Partnerinizden uzaklaşmanın ya da yaptığı davranışların sizde uyandırdığı olumsuz duyguları kabul etmesini sağlamanın zor olduğunu göz önüne aldığımızda değişime kendimizden başlamak en doğru adım olacaktır. Kendinizde yaratacağımız bu değişimin ilk tohumunu ise içinize ekecek ve her geçen gün öz değerinizi ve öz saygınızı yükselterek daha iyi bir yaşamı, daha iyi bir ilişkiyi, hatta en basite indirgenecek olursa partnerinizin size olan tutumlarının daha olumlu olmasını hak ettiğinizi fark edeceksiniz.

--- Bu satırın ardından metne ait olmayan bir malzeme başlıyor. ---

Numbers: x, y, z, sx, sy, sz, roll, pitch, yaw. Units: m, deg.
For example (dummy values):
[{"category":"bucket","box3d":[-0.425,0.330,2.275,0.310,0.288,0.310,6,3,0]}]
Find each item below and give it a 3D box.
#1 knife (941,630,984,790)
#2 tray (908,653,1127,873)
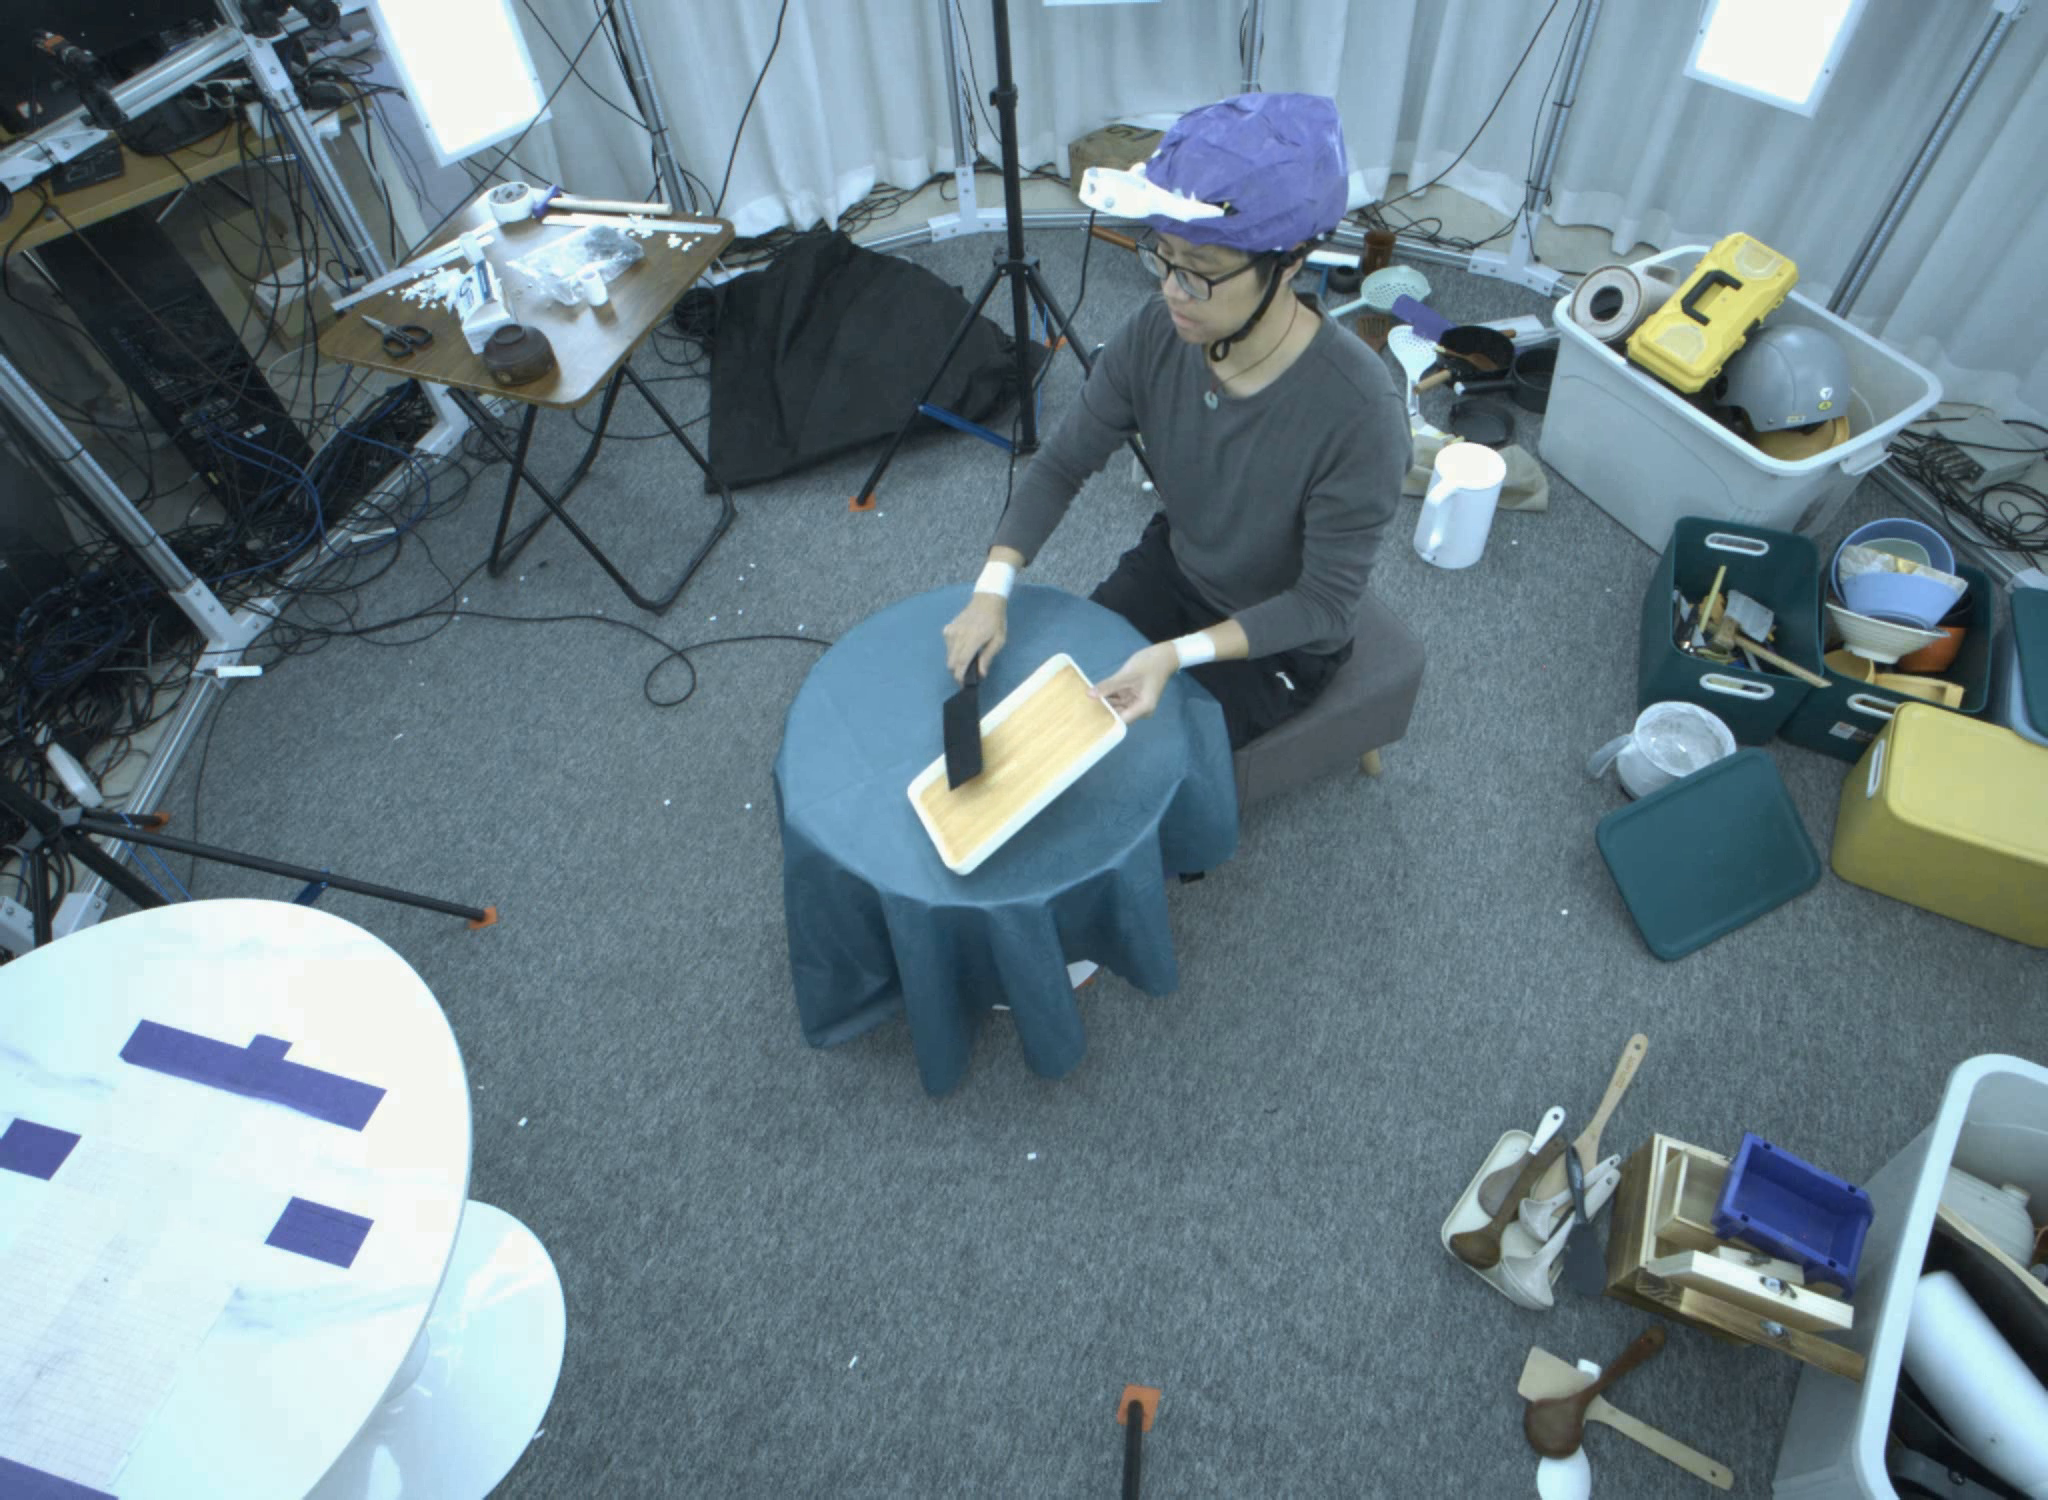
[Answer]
[{"category":"knife","box3d":[-0.089,-0.065,1.765,0.080,0.021,0.299,-27,43,26]},{"category":"tray","box3d":[-0.015,0.015,1.670,0.300,0.028,0.187,-41,44,5]}]
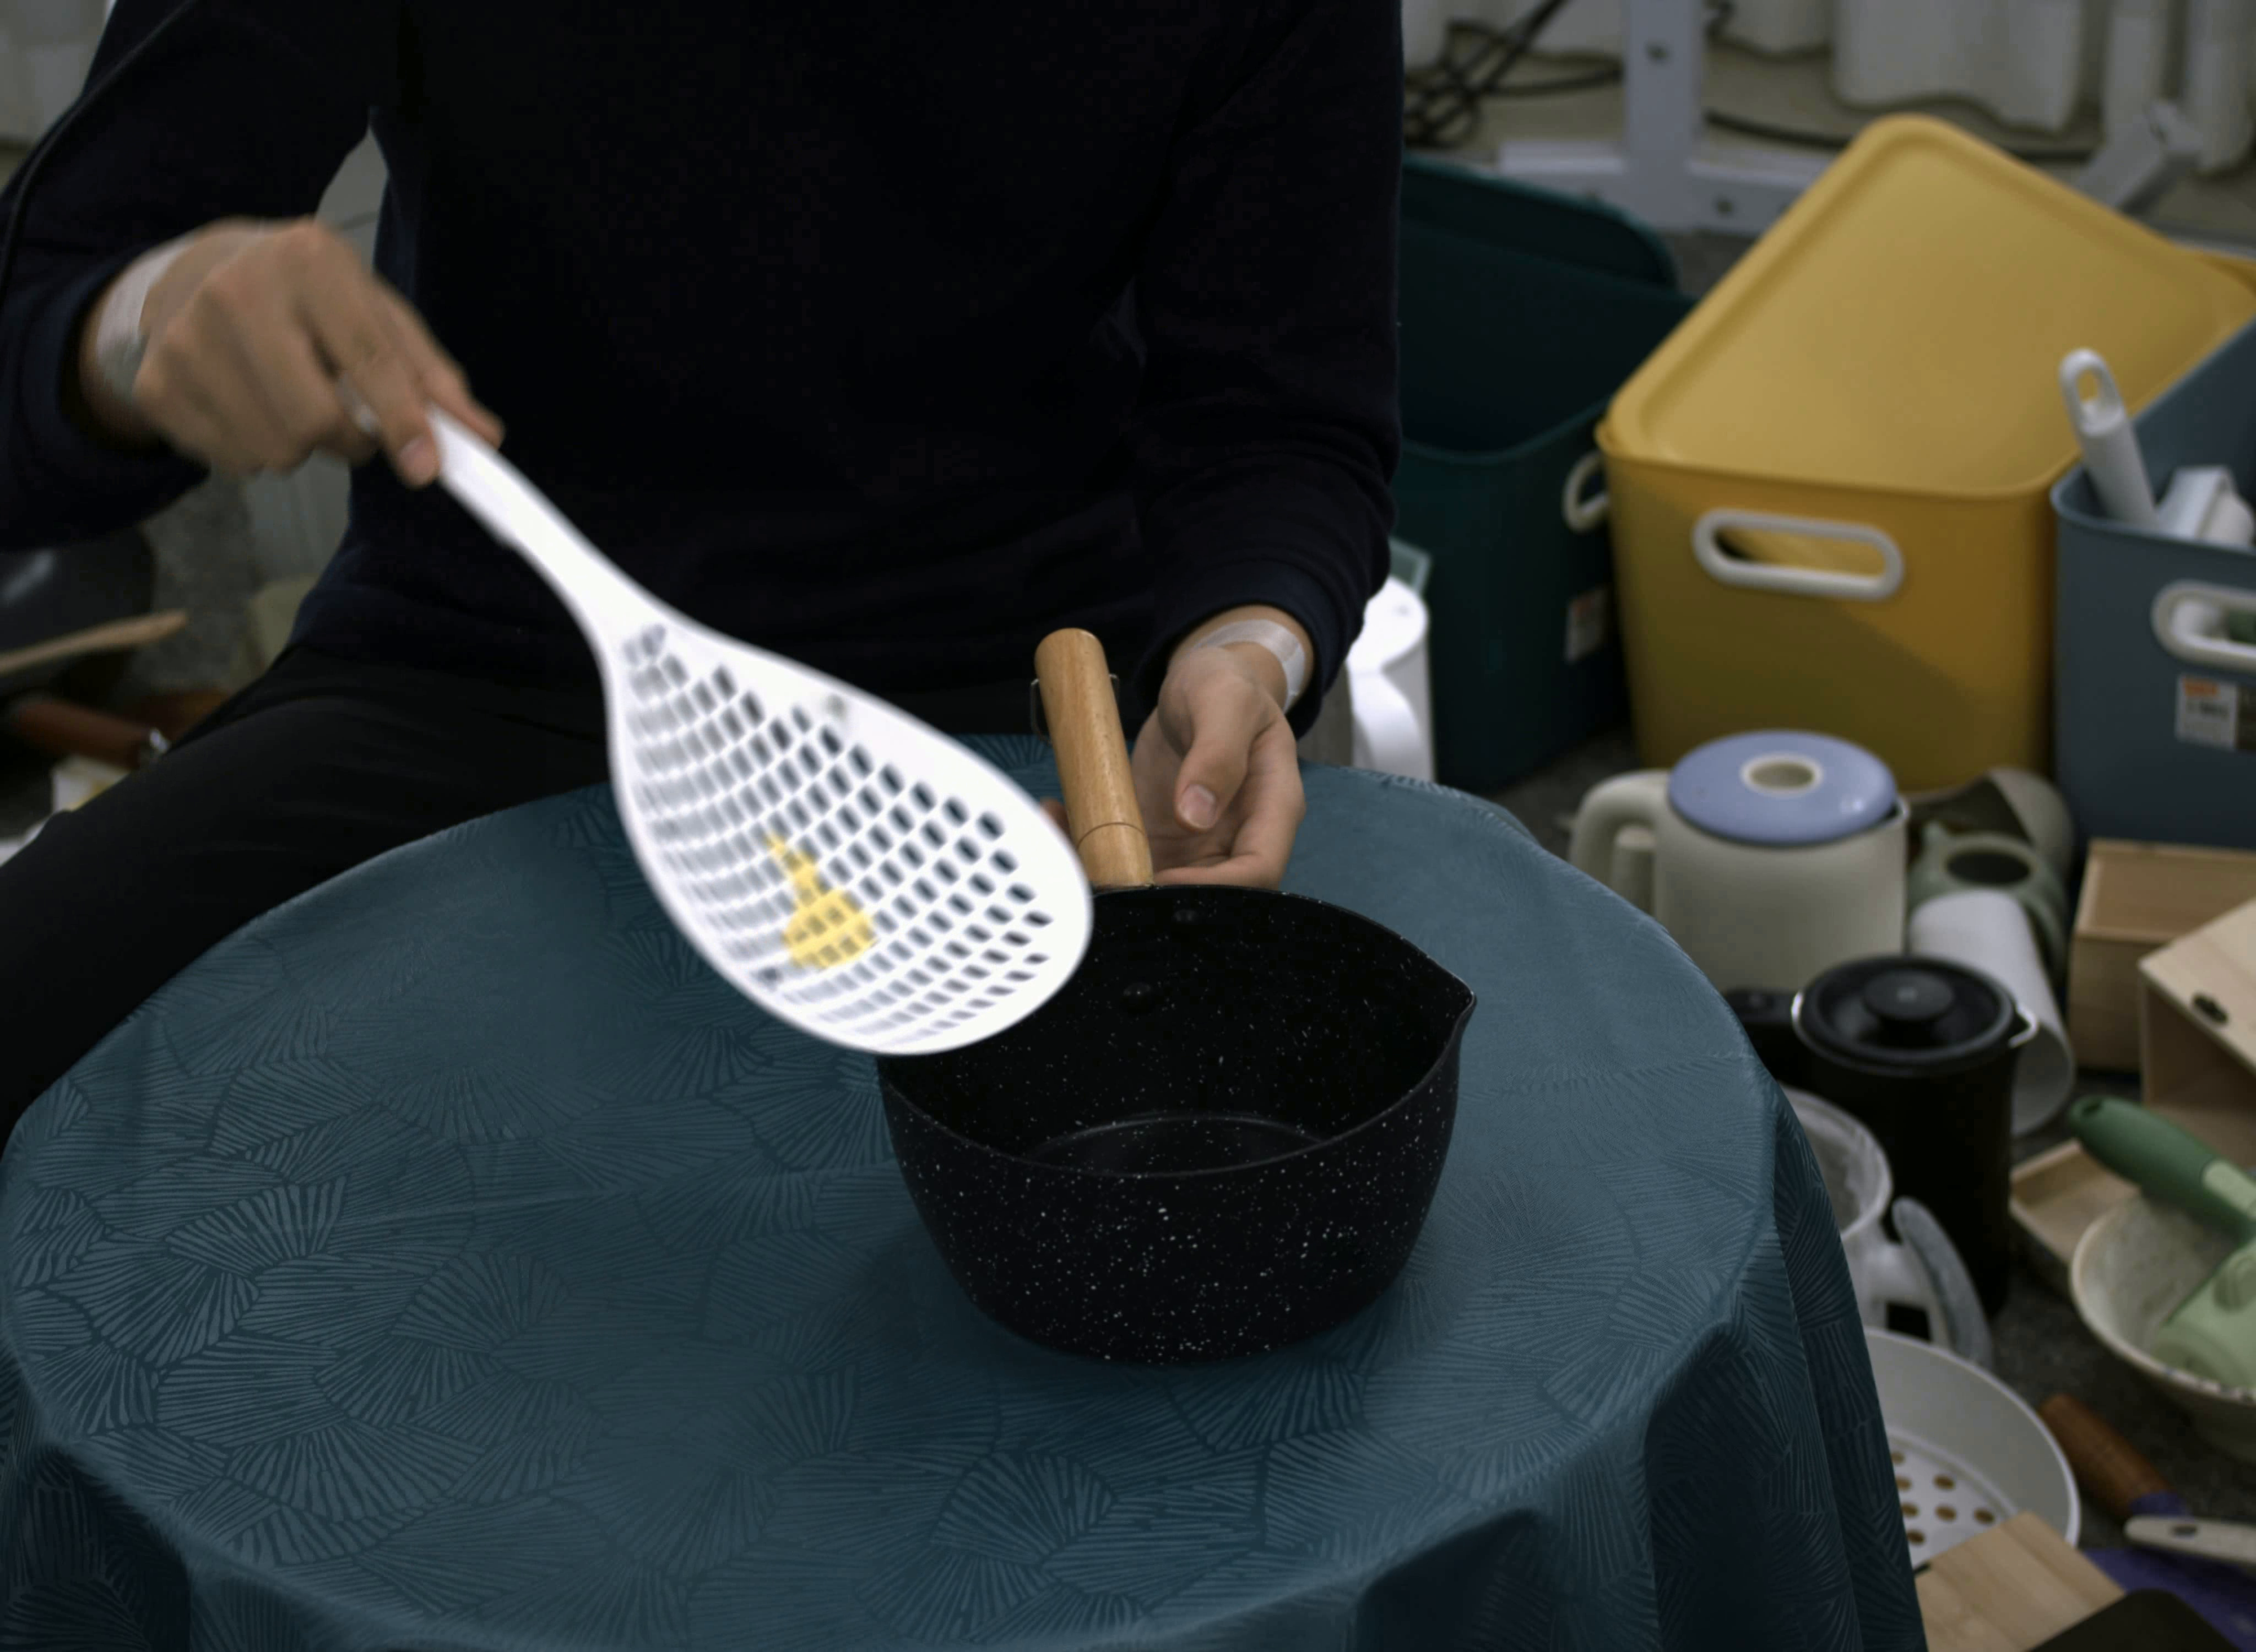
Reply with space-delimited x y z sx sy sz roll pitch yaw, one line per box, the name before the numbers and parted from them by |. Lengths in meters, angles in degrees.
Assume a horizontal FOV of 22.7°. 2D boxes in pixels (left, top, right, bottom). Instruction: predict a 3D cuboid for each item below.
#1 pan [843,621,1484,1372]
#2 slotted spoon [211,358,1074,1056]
pan | 0.002 0.053 1.878 0.207 0.107 0.347 -7 29 -6
slotted spoon | -0.162 -0.047 1.744 0.138 0.049 0.349 -28 66 -41

Partnerinizin beğendiği ve birlikte olmak istediği flört döneminizden önceki halinizi ihmal etmemeniz gerektiğini bilmelisiniz. O halinizi çeşit çeşit rengarenk çiçeklerle dolu, mis gibi kokan, her tarafında kuş cıvıltılarının olduğu, muhteşem görüntüsüyle insanların kendini bakmaktan alıkoyamadığı bir bahçe olarak düşünün. Bu görüntü karşısında büyülenen partneriniz sizden etkilenirken siz de onun bahçesinden etkilendiniz. İlişkiyi büyük bir handikapa taşıyan durum ise sizin onun bahçesine verdiğiniz değeri yücelterek bir süre sonra sadece onun bahçesindeki çiçekleri sulayıp onun bahçesindeki çöpleri temizlemeye başlayıp kendi bahçenizi ihmal etmenizdir. Böylelikle o güzel bahçenizdeki çiçekler zamanla bakımsızlıktan solacak, etrafı kuru yapraklar saracak, kuş cıvıltılarının yerini soğuk bir sessizlik alacak ve artık o muhteşem manzaradan eser kalmayacak. Karşınızdaki kişinin büyük bir merak ve hevesle keşfetmeye çalıştığı o bahçe “ilişkiden önceki sizken” bakımsızlıktan harap olmuş bahçe ise “yarattığınız siz” olacak.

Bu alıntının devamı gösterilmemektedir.